Cependant on sait que la vallée de Suse, jadis rattachée à l'évêché de Turin, avait été, lors de la conquête du pays par les Francs, annexée à celui de Maurienne (Longnon, Atlas historique de la France, p. 142). Au début du xe siècle, une bulle de Serge III, du 18 juin 908, confirme la soumission au métropolitain de Vienne de l'église de Maurienne «una cum ecclesia Segusiana» (Migne, Patr. lat., t. 131, p. 978; Jaffé, Regesta, n° 3544). Mais, dès cette époque, on sent le besoin de consolider cette situation par des faux (Manteyer, La Provence du ier au xiie siècle, p. 496). Dans la seconde moitié du xie siècle, les évêques de Turin revendiquent, parfois victorieusement, la possession du pays de Suse (Mgr. A. Billiet, Mémoire sur les premiers évêques de Maurienne, p. 53 et suiv.). Le faux diplôme de Boson insiste sur l'union de Maurienne et de Suse; le rédacteur introduit à la fin, assez maladroitement, une clause relative à cette situation, clause tout à fait étrangère à l'objet propre de l'acte, qui est la donation à l'évêché de Maurienne du château d'Hermillon. Le style de la pièce est celui du xie siècle, bien plutôt que celui de la fin du xxe. Le regnante Deo, le hors-d'œuvre étymologique, les formules finales, n'auraient rien de particulièrement insolite dans un acte de l'année 1050 environ. Il est donc peut-être permis de supposer que le diplôme de Boson aura été fabriqué vers cette époque, pour être produit au cours des contestations entre les deux évêchés de Maurienne et de Turin.
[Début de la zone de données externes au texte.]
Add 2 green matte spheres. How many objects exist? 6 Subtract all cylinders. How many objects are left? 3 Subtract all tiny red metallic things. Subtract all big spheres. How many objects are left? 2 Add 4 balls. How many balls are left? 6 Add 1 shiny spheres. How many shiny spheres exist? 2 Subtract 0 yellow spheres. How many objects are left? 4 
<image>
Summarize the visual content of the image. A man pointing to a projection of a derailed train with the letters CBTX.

L'acte se présente comme appartenant à la huitième année du règne de Boson. Sa date devrait donc être placée entre le 15 octobre 886 et le 14 octobre 887. Mais Boson mourut le 11 janvier 887. C'est donc cette date qu'il faut adopter comme terminus ad quem.
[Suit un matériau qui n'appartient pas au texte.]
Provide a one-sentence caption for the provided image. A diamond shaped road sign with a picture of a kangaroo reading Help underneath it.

Regnante Deo factore omnium, qui cuncta suo disponit ordine, cujus nutu ac potestate reges regnant, qui nobis beneficio suȩ misericordie regni gubernacula non nostris intervenientibus meritis concessit. Ego quippe Boso, Burgundionum Ausoniorumque rex, una cum Er. uxore, pariter aula Vienne positi, anno regni octavo, coepimus cogitare piorum ac improborum retributionem, qualiterque remedio elimosine cassantur imminentia bella injuste insurgentia vel qualiter adquiritur, elemosina interveniente, misericordia Salvatoris. Interfuit quoque noster dilectus Asmundus, Secusivȩ civitatis vel Maurianorum episcopus, una proprio fratre Leotmanno, Cremonensis ecclesie presule, qui nobis meditata ac mutuo dicta suadentes, ditari regalibus opibus ecclesiam proprii episcopii sancti Johannis Baptiste, in confinio Burgundie positam, que admodum destituta esse cognoscitur sevicia hostium euntium vel redeuntium. Nos vero in amministratione tanti negotii assensum prebuimus, veneratione sancti predicti Johannis Baptiste, utque nos victores intercessione semper ubique reddat, donamus eidem sancto Domini Baptiste refugium de nostris propriis genealogiis, castrum scilicet in ejusdem territorio sancti Johannis positum, quod a vulgo Armariolum nuncupatur, quod etiam adjacet supra dicti parvi fluminis ripam Arki, cum nostra capella sanctȩ Dei genetricis, cum decimis et villis, villaribus subjectis eidem castro pertinentibus et ex hac parte fluminis et ultra, ubi sit presulis requies, ubi secunda sedes, ubi tempore belli tuta defensio, ubi libros thesaurorumque munimen inexpugnabile armarium enim antiquitus antiqui vocaverunt, aptum et congruum judicatur a regalibus institutis, ut sit arma inexpugnabilis contra hostium incursiones nostrȩ Mauritane ecclesiȩ, sancti videlicet Johannis Baptistae. Si quis vero, suadente humani generis inimico, contra institutionem nostrae potestatis violare temptaverit, lege Bonifaci universalis pontificis sit anathema et componat nostro judicio C libras auri. Has quippe duas ecclesias, Maurianorum scilicet sancti Johannis Baptistae sanctȩque Dei genitricis civitatis Secusivȩ, cum propriis ecclesiis subjectis, secundum jamdicti Bonifacii instituta, esse concedimus Maurianensis ecclesiȩ pontificis dominatu, eo tenore ut ad proprii pontificis sinodum constituto tempore veniat sepe denominatus Maurianorum episcopus.